Autor |
Wiadomość |
atresj
Diabeł
Dołączył: 26 Lis 2010
Posty: 174
Przeczytał: 0 tematów
Ostrzeżeń: 0/5 Skąd: Gliwice
|
|
Tom "Ważka" Randal |
|
WAŻNE: Tom jest półelfem, ale o tym _NIE WIE_! Jego dziadek był Mrocznym Elfem, chcę poprowadzić wątek 'wewnętrzny' tej postaci tak, żeby to wyszło dopiero w trakcie.
| | Imię: Tom Ważka Randal
Rasa: Półelf (sama postać o tym nie wie)
Klasa: Rycerz
Pochodzenie: Rivangoth
Wygląd: Wysoki, krótkie ciemne włosy, jasne niebieskie oczy, dobrze zbudowany
Charakter: zamknięty w sobie, spokojny, opanowany, w wiecznej rozterce, rasista (uznaje jedynie rasy nie-zwierzęce)
Przedmioty charakterystyczne: oburęczny miecz z rękojeścią wyglądającą jak ważka
Historia: Tom był rycerzem w gwardii Lothariańskiej, zawsze wierzył w dobro imperium. Po krucjacie na Ferron stracił całkowitą wiarę w Cesarstwo i bardzo zagubił się w sobie. Widział wiele śmierci, kompletnie niepotrzebnej, mimo swojego młodego wieku (ma 26 lat). Jego ojciec od dziecka wpajał mu historie o największych bohaterach w historii Lotharis i Tom dorastał w przekonaniu, że poza Cesarstwem istnieje tylko zło, nie był przygotowany do stawienia czoła rzeczywistości. Po śmierci ojca (który pełnił rolę jednego z dowódców Gwardii), około 6 lat temu, stał się bardzo cichy i melancholijny. Jego miecz, Ważkę, dostał w spadku po ojcu i od tamtej pory nigdy się z nim nie rozstaje, pomimo że sam miecz nie powstał w celach wojennych. Jest to bogato inkrustowany zweihander krasnoludzkiej roboty, pierwotnie oręż ozdobny. Tom przetopił ostrze na wytrzymalsze i korzysta z broni na codzień. |
Ostatnio zmieniony przez atresj dnia Czw 00:06, 09 Gru 2010, w całości zmieniany 3 razy
|
|
Nie 16:19, 28 Lis 2010 |
|
|
|
|
atresj
Diabeł
Dołączył: 26 Lis 2010
Posty: 174
Przeczytał: 0 tematów
Ostrzeżeń: 0/5 Skąd: Gliwice
|
|
|
|
Po pierwsze: kiedy klimacę, to nie trzymam się swojego zdrowego rozsądku, tylko staram się wczuć w postać i zastanawiam się, co ona z jej przeżyciami i historią zrobiłaby w danej sytuacji.

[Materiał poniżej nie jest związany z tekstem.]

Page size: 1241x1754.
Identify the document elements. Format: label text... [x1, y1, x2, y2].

Po drugie: stwierdziłem, że po incydencie z zamordowaniem strażnika trzeba by doprecyzować, co determinuje zachowanie Ważki. No więc wio.

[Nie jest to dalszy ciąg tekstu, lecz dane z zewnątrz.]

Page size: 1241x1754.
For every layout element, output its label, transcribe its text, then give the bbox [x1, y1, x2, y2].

| | Przeżycia Ważki: Ważka na Ferronie był świadkiem mnóstwa złego. Jako jeden z zaufanych rycerzy (jako że jego ojciec był szanowanym komendantem) brał udział w wielu akcjach - zarówno tych oficjalnych jak i zwyczajnych rajdów na niewinną ludność. Na początku w tych drugich sam brał udział i nie miał zahamowań, ale wyrzuty sumienia bardzo szybko dały o sobie znać. Chował się z nimi przed samym sobą i przed innymi wojownikami wysłanymi przez Lotharis na Wyspę, ale w końcu nie wytrzymał psychicznie, gdy podczas jednej z akcji brutalnie zgwałcona została 14-letnia dziewczyna na oczach jej własnej matki. Od tamtej pory zgłaszał się jedynie do zadań, w których szanse na spotkanie cywili były minimalne, a jego stan psychiczny pogarszał się z dnia na dzień. Ostatecznie jednej z nocy wymknął się z koszar i czmychnął na pierwszym statku z powrotem na kontynent.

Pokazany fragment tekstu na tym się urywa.